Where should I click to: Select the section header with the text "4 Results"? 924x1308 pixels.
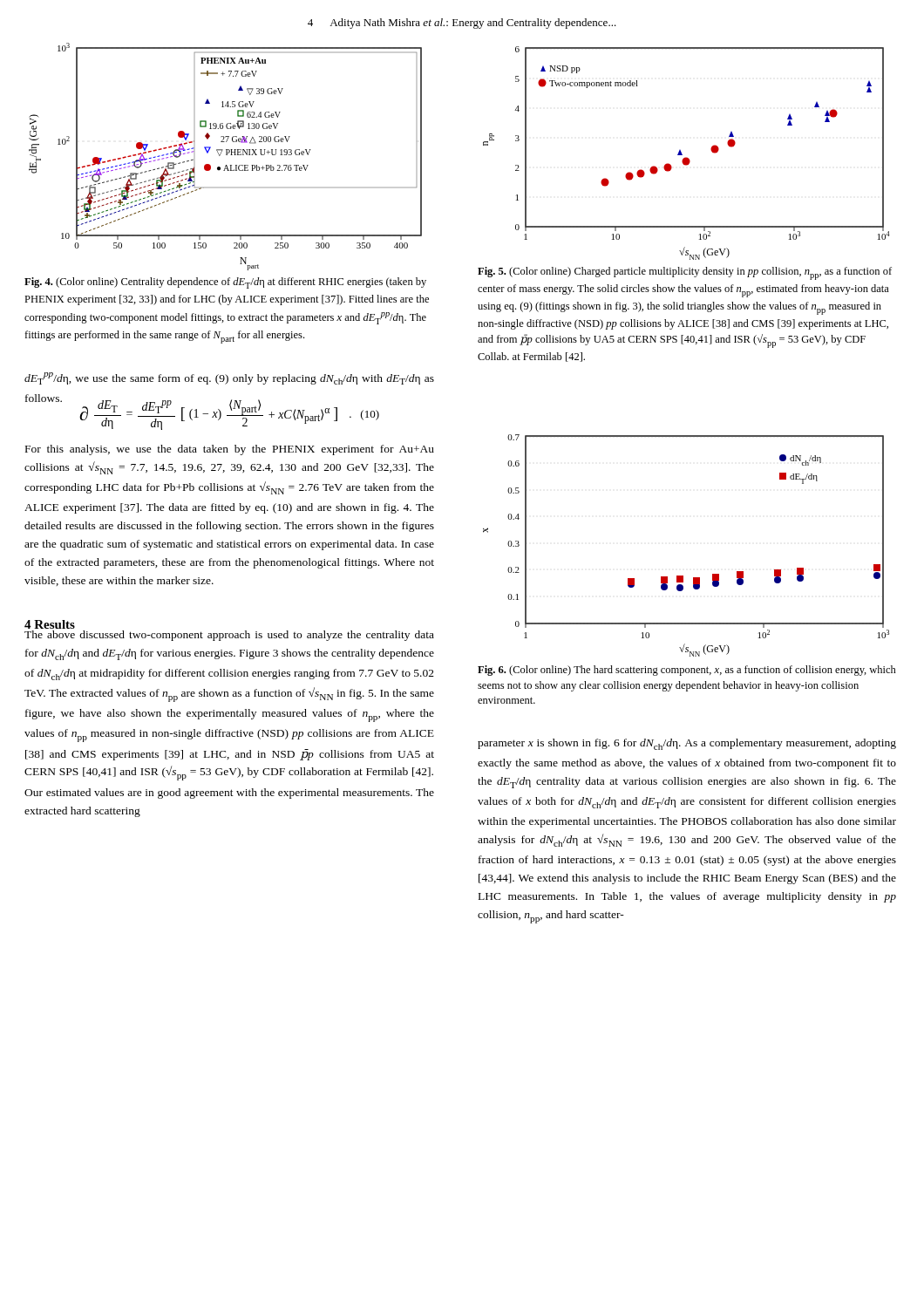coord(50,624)
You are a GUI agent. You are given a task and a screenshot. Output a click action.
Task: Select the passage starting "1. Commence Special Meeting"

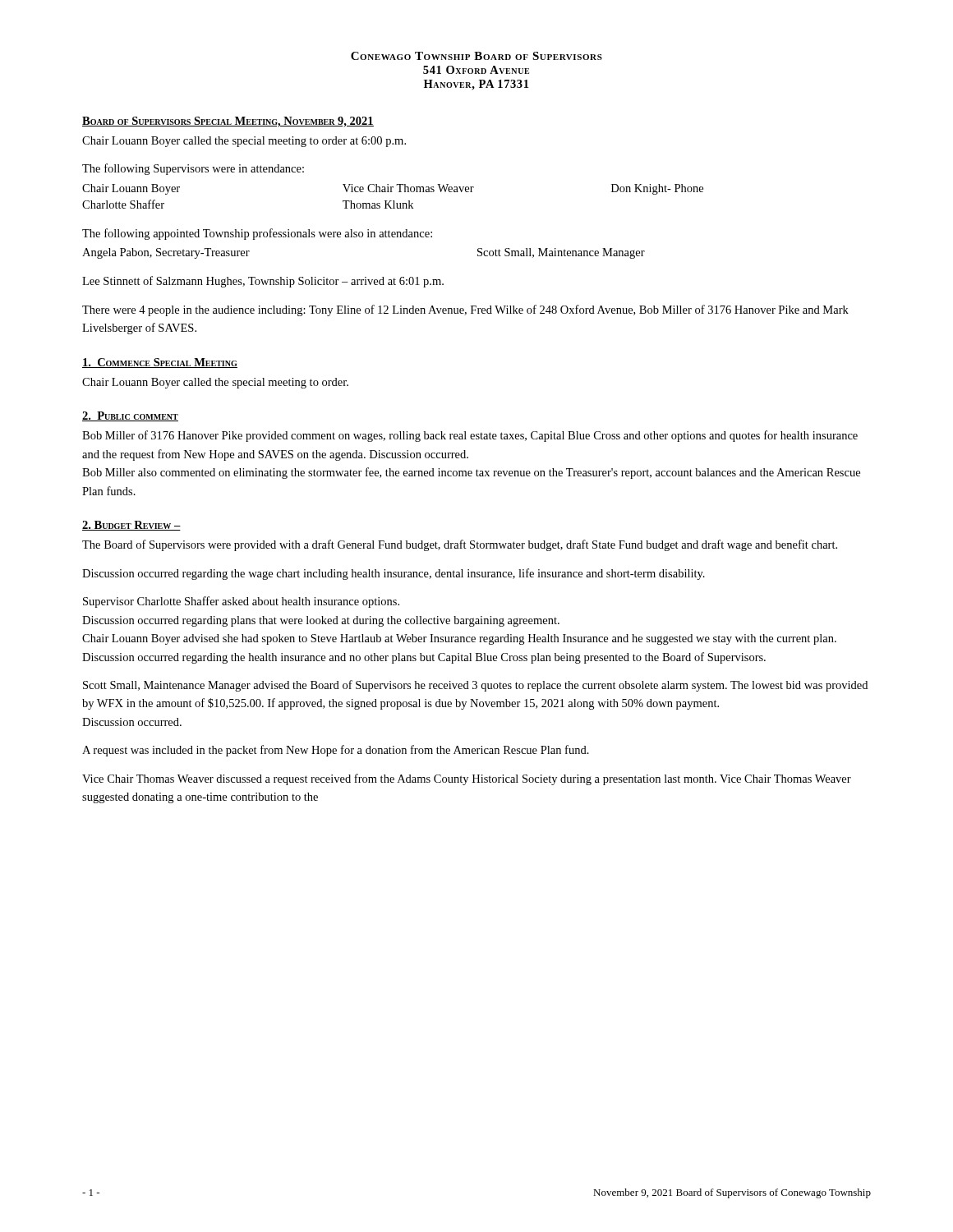(160, 362)
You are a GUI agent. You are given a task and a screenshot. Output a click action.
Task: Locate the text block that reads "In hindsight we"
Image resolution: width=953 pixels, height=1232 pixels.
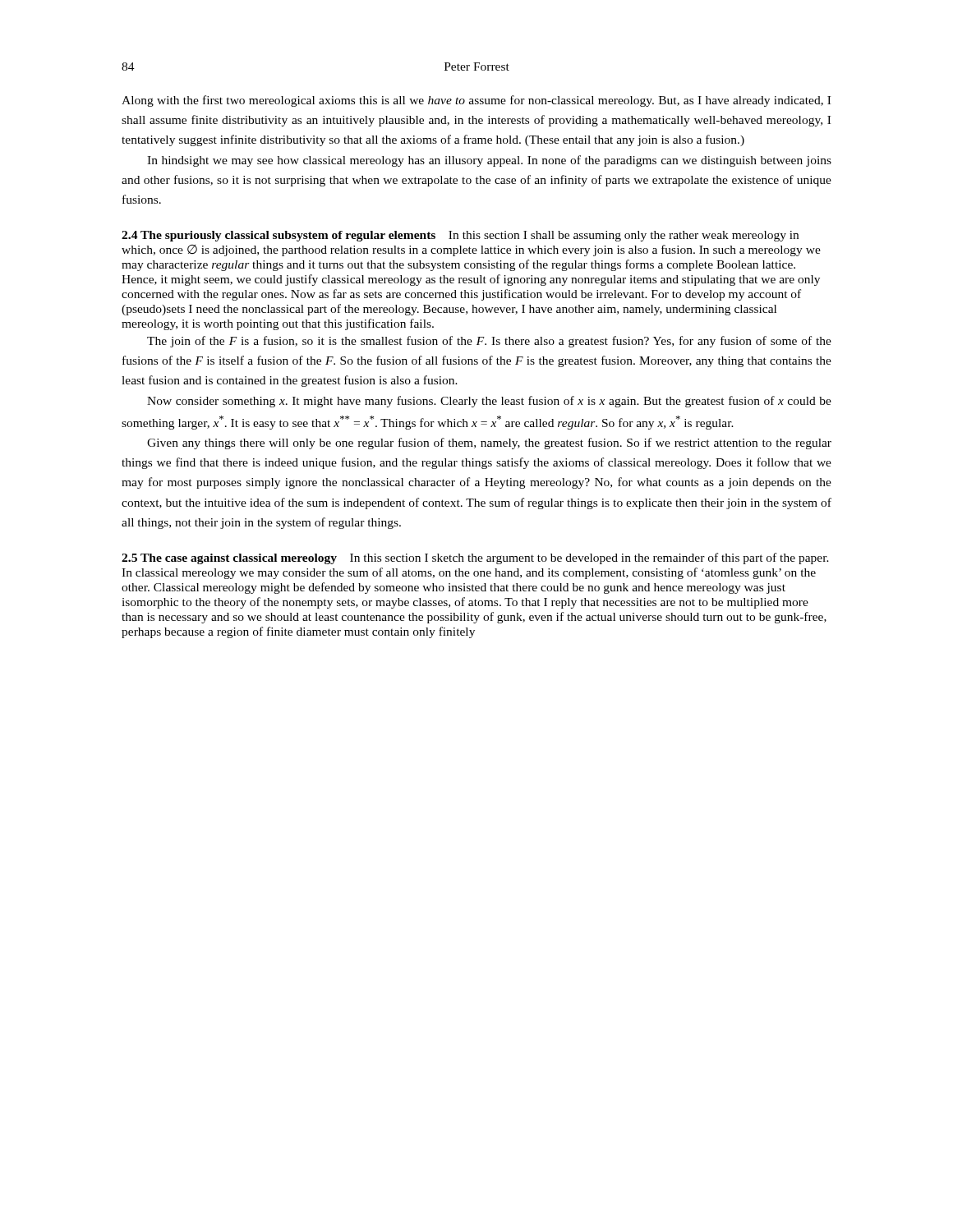[x=476, y=180]
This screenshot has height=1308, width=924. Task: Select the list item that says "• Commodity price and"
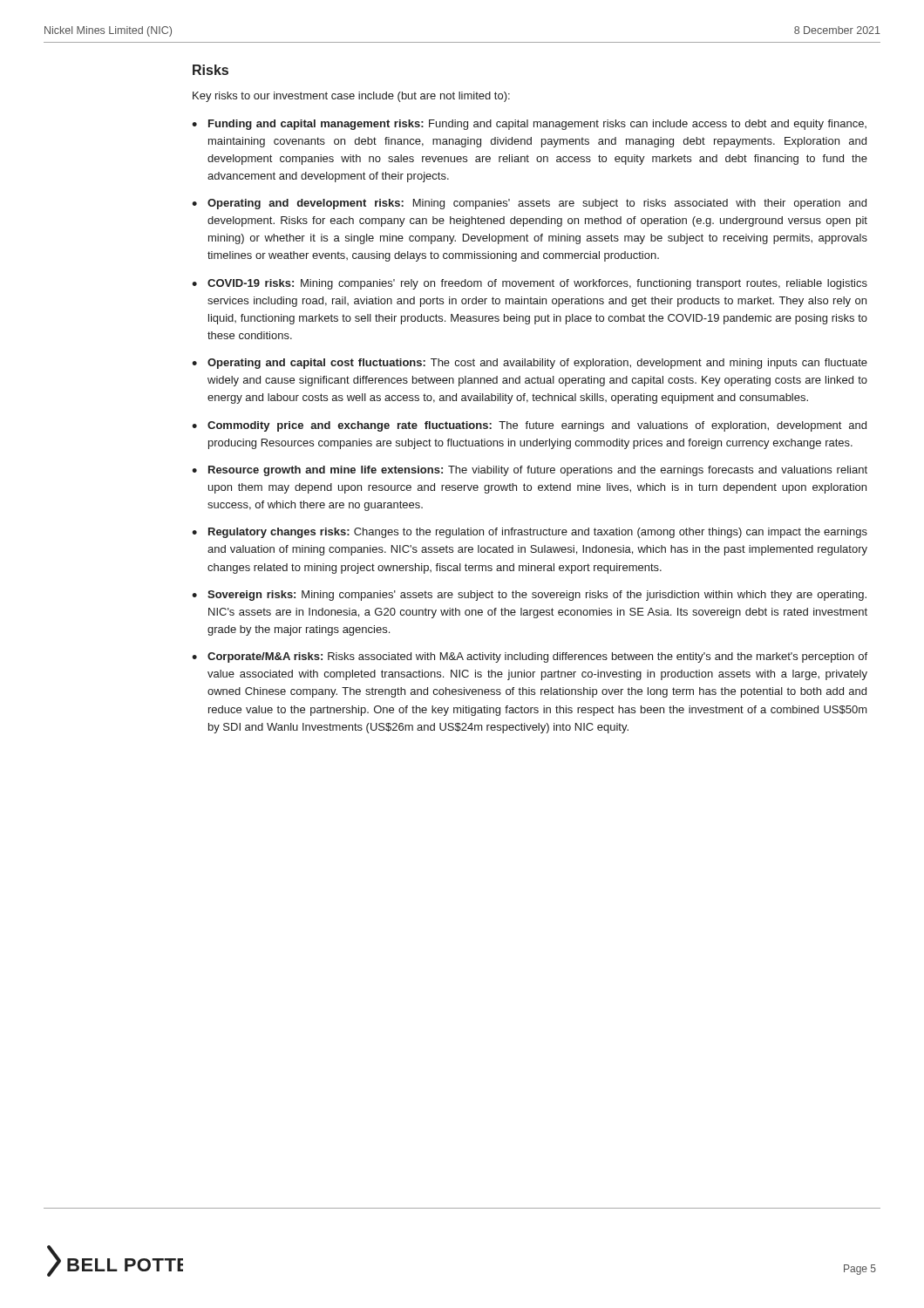tap(530, 434)
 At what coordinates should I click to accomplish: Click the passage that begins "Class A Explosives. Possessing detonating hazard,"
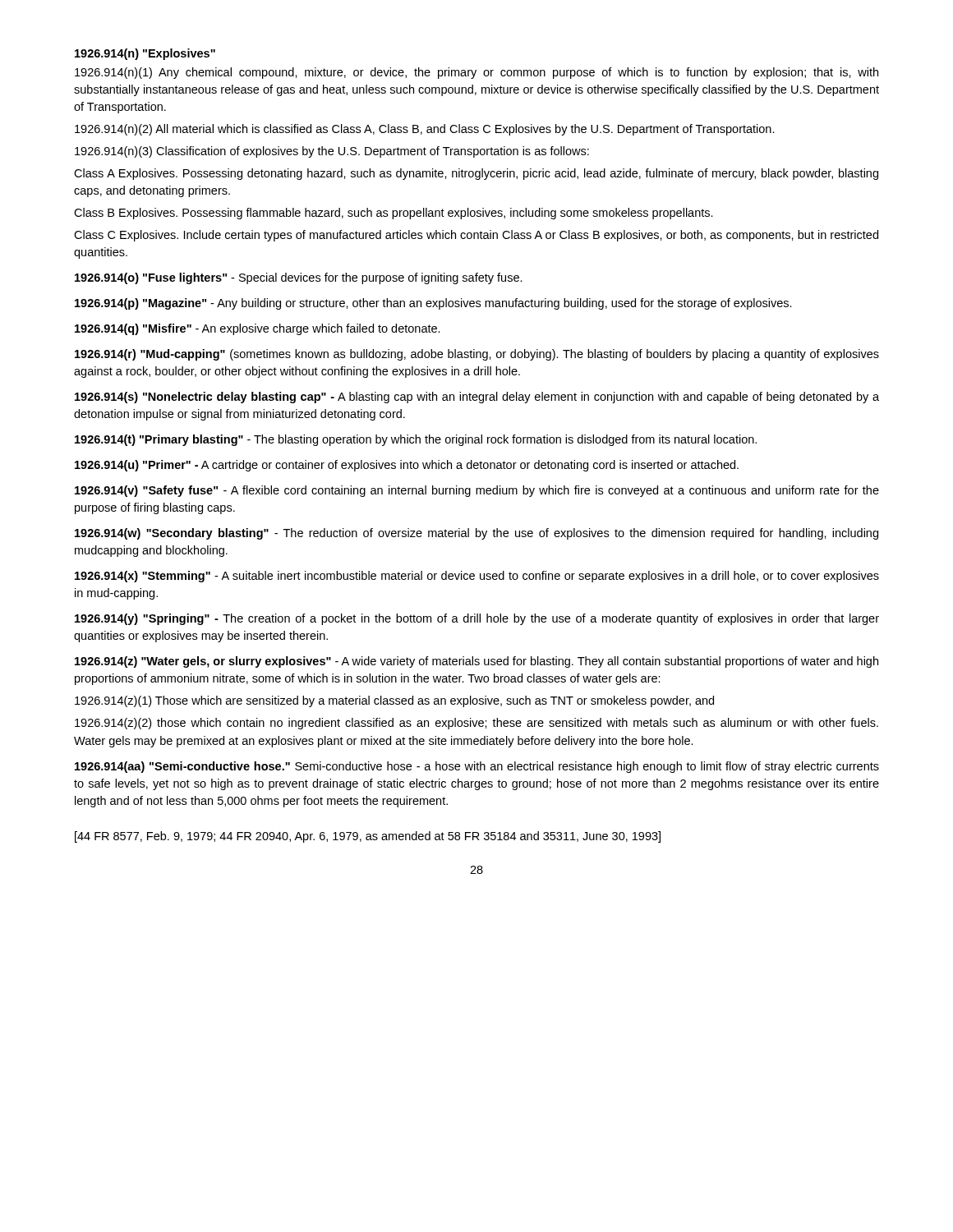476,182
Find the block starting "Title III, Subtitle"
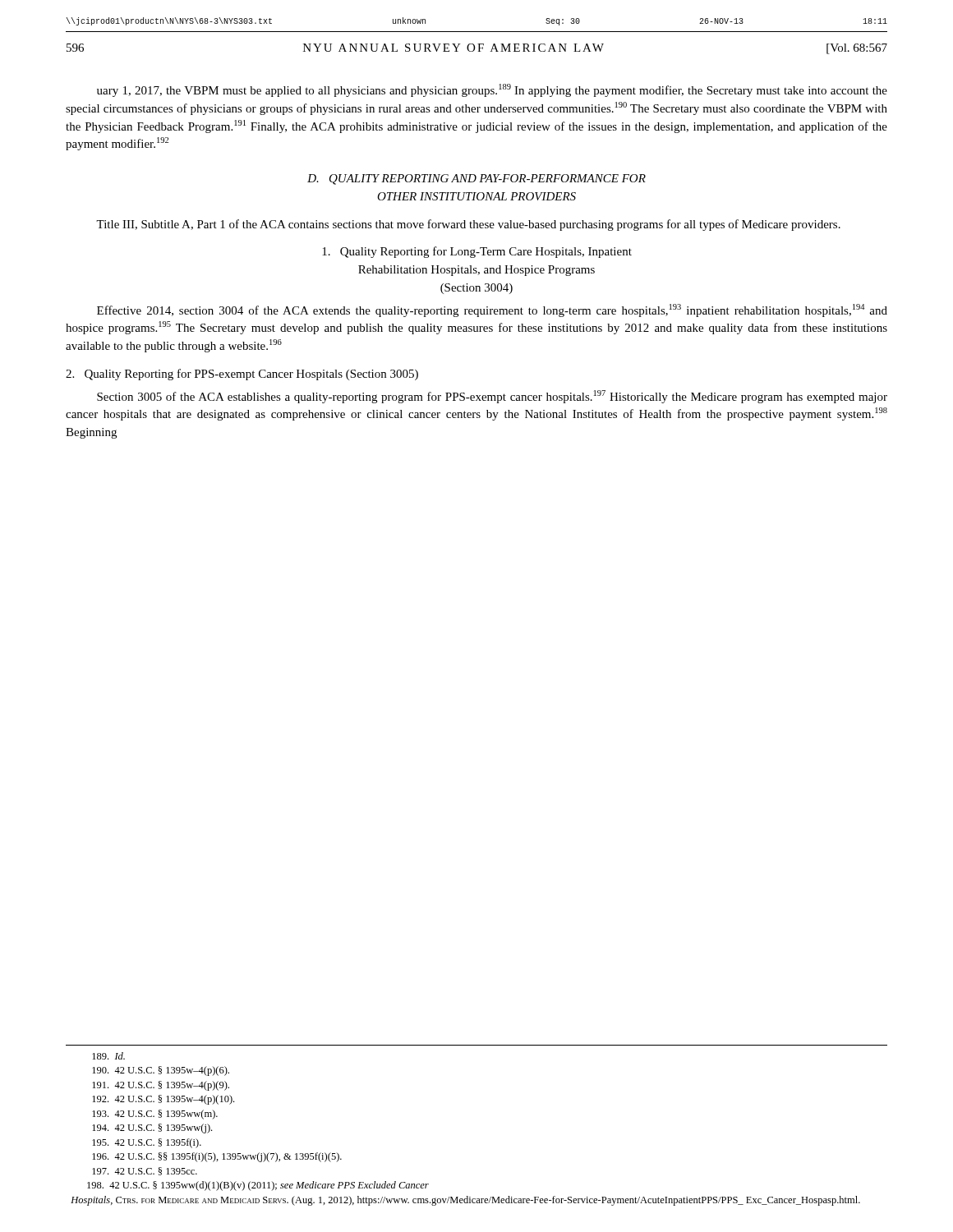The height and width of the screenshot is (1232, 953). point(476,225)
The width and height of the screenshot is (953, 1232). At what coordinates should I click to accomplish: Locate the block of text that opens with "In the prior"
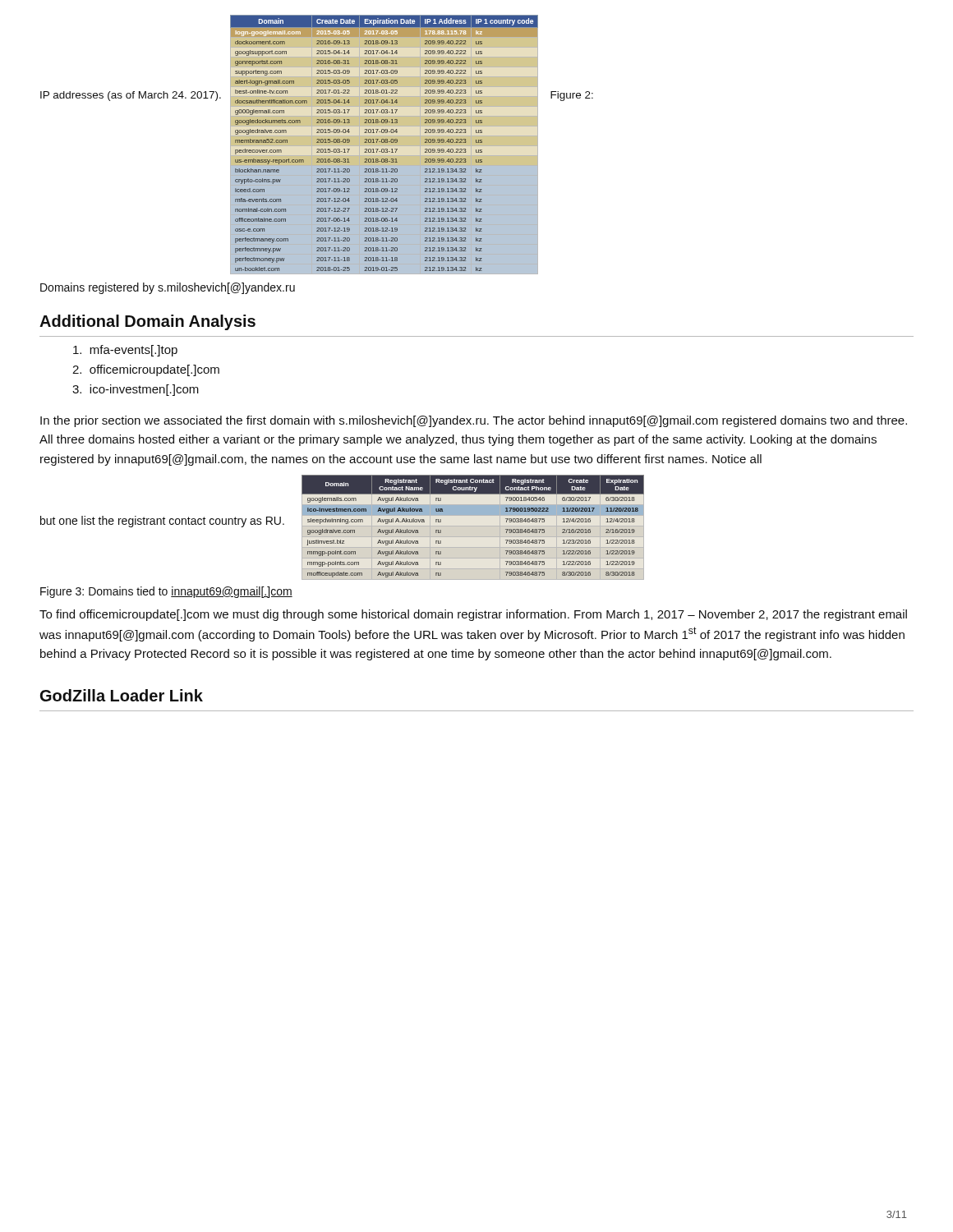click(x=474, y=439)
☆ ☆ ☆ ☆
• [Required action]
Transcribe all entries above exactly. Drop the pictures.

• [Exercise output]
Where should I click to: Select the section header with the text "4 Results"? 924x1308 pixels.
coord(50,624)
You are a GUI agent. You are given a task and a screenshot. Output a click action.
Task: Select the passage starting "1. Commence Special Meeting"

(160, 362)
You are a GUI agent. You are given a task and a screenshot. Output a click action.
Task: Locate the text block that reads "In hindsight we"
Image resolution: width=953 pixels, height=1232 pixels.
[x=476, y=180]
This screenshot has height=1308, width=924. Task: Select the list item that says "• Commodity price and"
tap(530, 434)
 At what coordinates should I click to accomplish: Click the passage that begins "Class A Explosives. Possessing detonating hazard,"
476,182
Find the block starting "Title III, Subtitle"
The height and width of the screenshot is (1232, 953). point(476,225)
The width and height of the screenshot is (953, 1232). At what coordinates should I click to accomplish: Locate the block of text that opens with "In the prior"
click(x=474, y=439)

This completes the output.